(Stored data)
______

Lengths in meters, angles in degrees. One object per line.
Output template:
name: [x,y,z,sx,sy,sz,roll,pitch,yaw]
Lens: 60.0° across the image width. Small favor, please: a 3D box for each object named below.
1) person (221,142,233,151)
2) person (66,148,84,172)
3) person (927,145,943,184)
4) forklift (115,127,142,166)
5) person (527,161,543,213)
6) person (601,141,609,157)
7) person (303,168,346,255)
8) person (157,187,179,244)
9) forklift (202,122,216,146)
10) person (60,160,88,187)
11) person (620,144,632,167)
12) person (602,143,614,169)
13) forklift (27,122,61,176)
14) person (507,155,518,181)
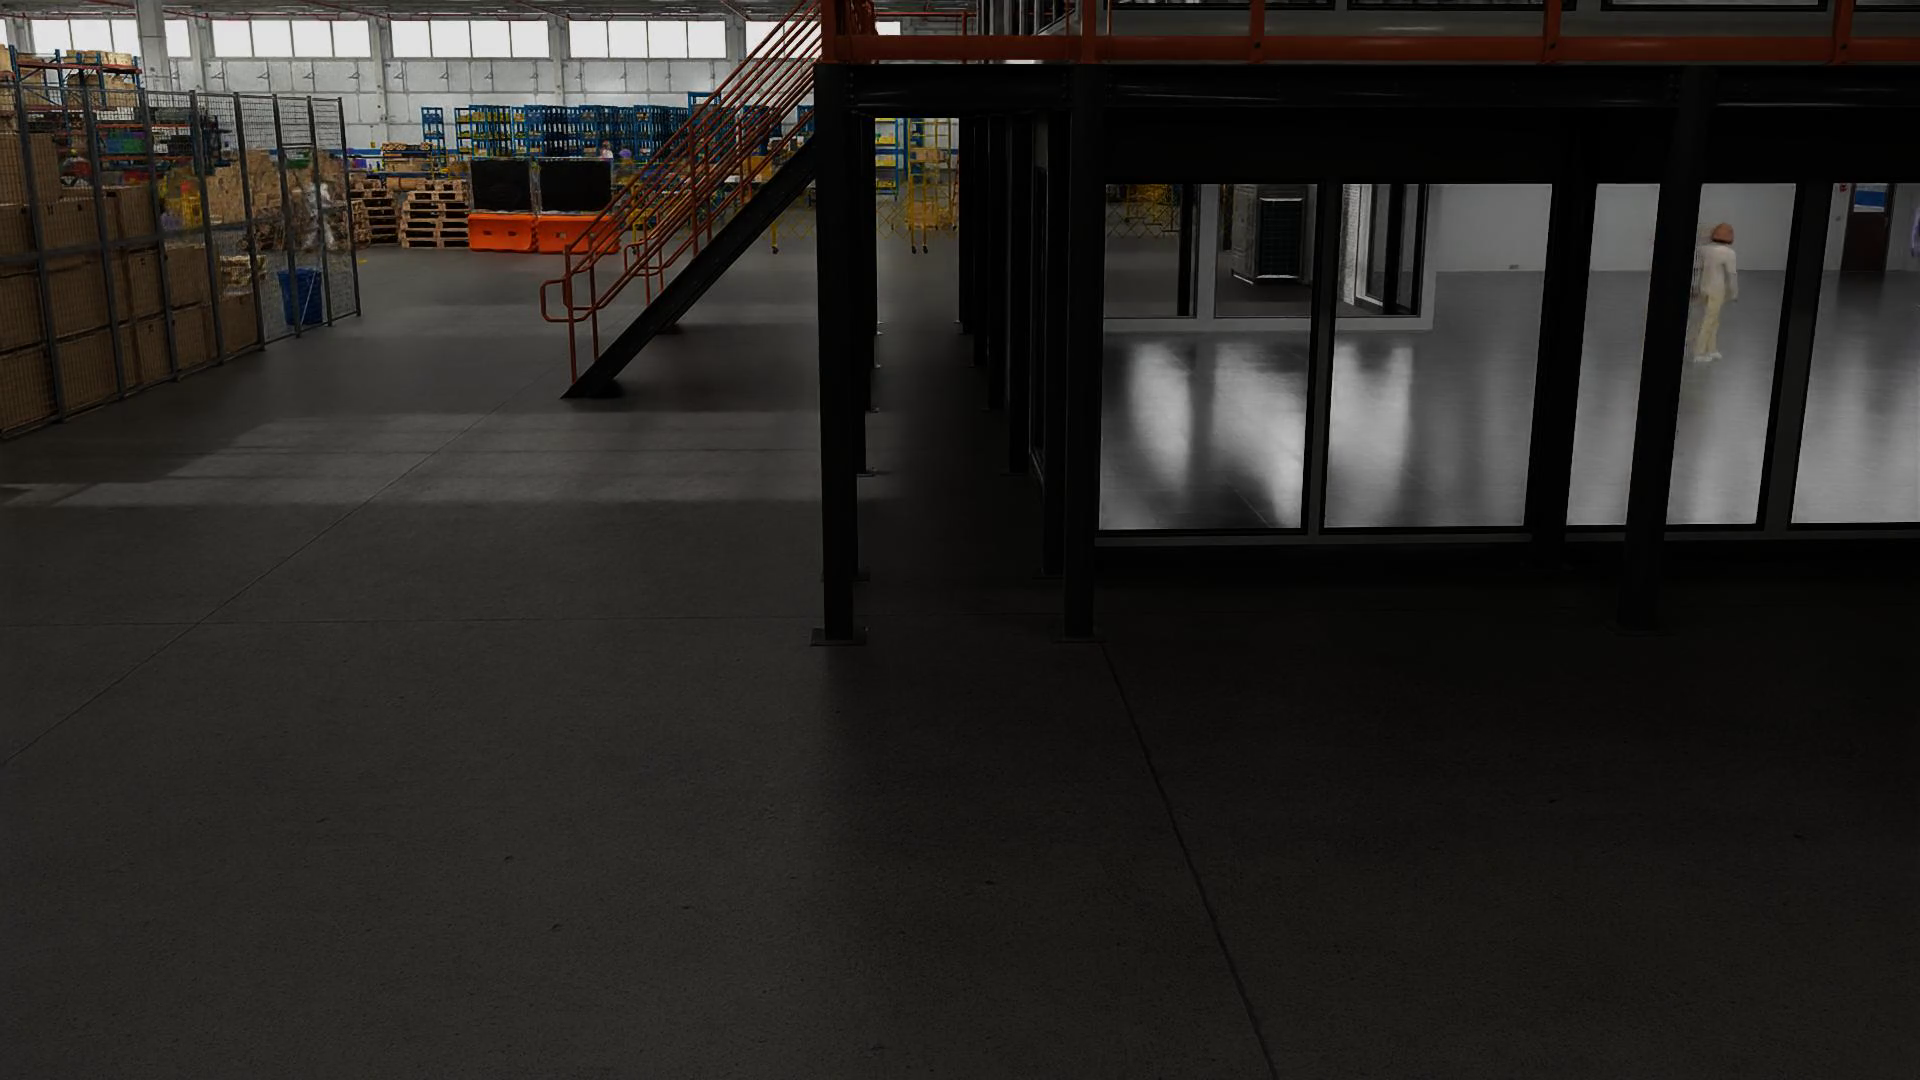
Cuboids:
person: [-35.925,-18.574,81.573,0.651,1.888,1.014,-10,17,-34]
person: [-33.956,-14.091,63.807,0.595,1.817,0.428,-1,14,-5]
person: [-1.143,-17.473,77.375,0.824,1.801,0.580,-13,19,-43]
forklift: [-35.922,-16.877,72.786,1.873,2.768,1.129,-1,14,-2]
person: [-11.656,-9.492,45.583,0.600,1.749,0.524,-7,16,-27]
person: [-16.298,-17.341,76.499,0.468,1.977,0.620,-13,19,-43]
person: [-13.632,-6.973,35.347,1.019,1.834,0.573,1,14,5]
person: [-10.847,-3.898,22.906,0.751,1.903,0.590,-13,19,-42]
forklift: [-41.027,-21.411,90.908,1.873,2.768,1.129,1,14,3]
person: [-17.628,-6.518,33.089,0.689,2.000,0.538,-6,15,-21]
person: [-16.050,-18.127,79.959,0.572,1.815,0.923,0,14,2]
person: [-15.580,-16.651,73.852,0.409,1.913,0.642,4,15,16]
forklift: [-35.376,-14.773,64.377,1.129,2.768,1.873,-1,14,-2]
person: [-13.490,-10.754,50.442,0.890,1.842,0.525,-4,15,-15]

______

■ **Work task**:
Exactly as they appear above, print all the lines, but not the pictures.

■ **Written answer**:
Lengths in meters, angles in degrees. One object per line.
Output template:
name: [x,y,z,sx,sy,sz,roll,pitch,yaw]
Lens: 60.0° across the image width. Small favor, please: a 3D box for each object named below.
1) person (221,142,233,151)
2) person (66,148,84,172)
3) person (927,145,943,184)
4) forklift (115,127,142,166)
5) person (527,161,543,213)
6) person (601,141,609,157)
7) person (303,168,346,255)
8) person (157,187,179,244)
9) forklift (202,122,216,146)
10) person (60,160,88,187)
11) person (620,144,632,167)
12) person (602,143,614,169)
13) forklift (27,122,61,176)
14) person (507,155,518,181)
Cuboids:
person: [-35.925,-18.574,81.573,0.651,1.888,1.014,-10,17,-34]
person: [-33.956,-14.091,63.807,0.595,1.817,0.428,-1,14,-5]
person: [-1.143,-17.473,77.375,0.824,1.801,0.580,-13,19,-43]
forklift: [-35.922,-16.877,72.786,1.873,2.768,1.129,-1,14,-2]
person: [-11.656,-9.492,45.583,0.600,1.749,0.524,-7,16,-27]
person: [-16.298,-17.341,76.499,0.468,1.977,0.620,-13,19,-43]
person: [-13.632,-6.973,35.347,1.019,1.834,0.573,1,14,5]
person: [-10.847,-3.898,22.906,0.751,1.903,0.590,-13,19,-42]
forklift: [-41.027,-21.411,90.908,1.873,2.768,1.129,1,14,3]
person: [-17.628,-6.518,33.089,0.689,2.000,0.538,-6,15,-21]
person: [-16.050,-18.127,79.959,0.572,1.815,0.923,0,14,2]
person: [-15.580,-16.651,73.852,0.409,1.913,0.642,4,15,16]
forklift: [-35.376,-14.773,64.377,1.129,2.768,1.873,-1,14,-2]
person: [-13.490,-10.754,50.442,0.890,1.842,0.525,-4,15,-15]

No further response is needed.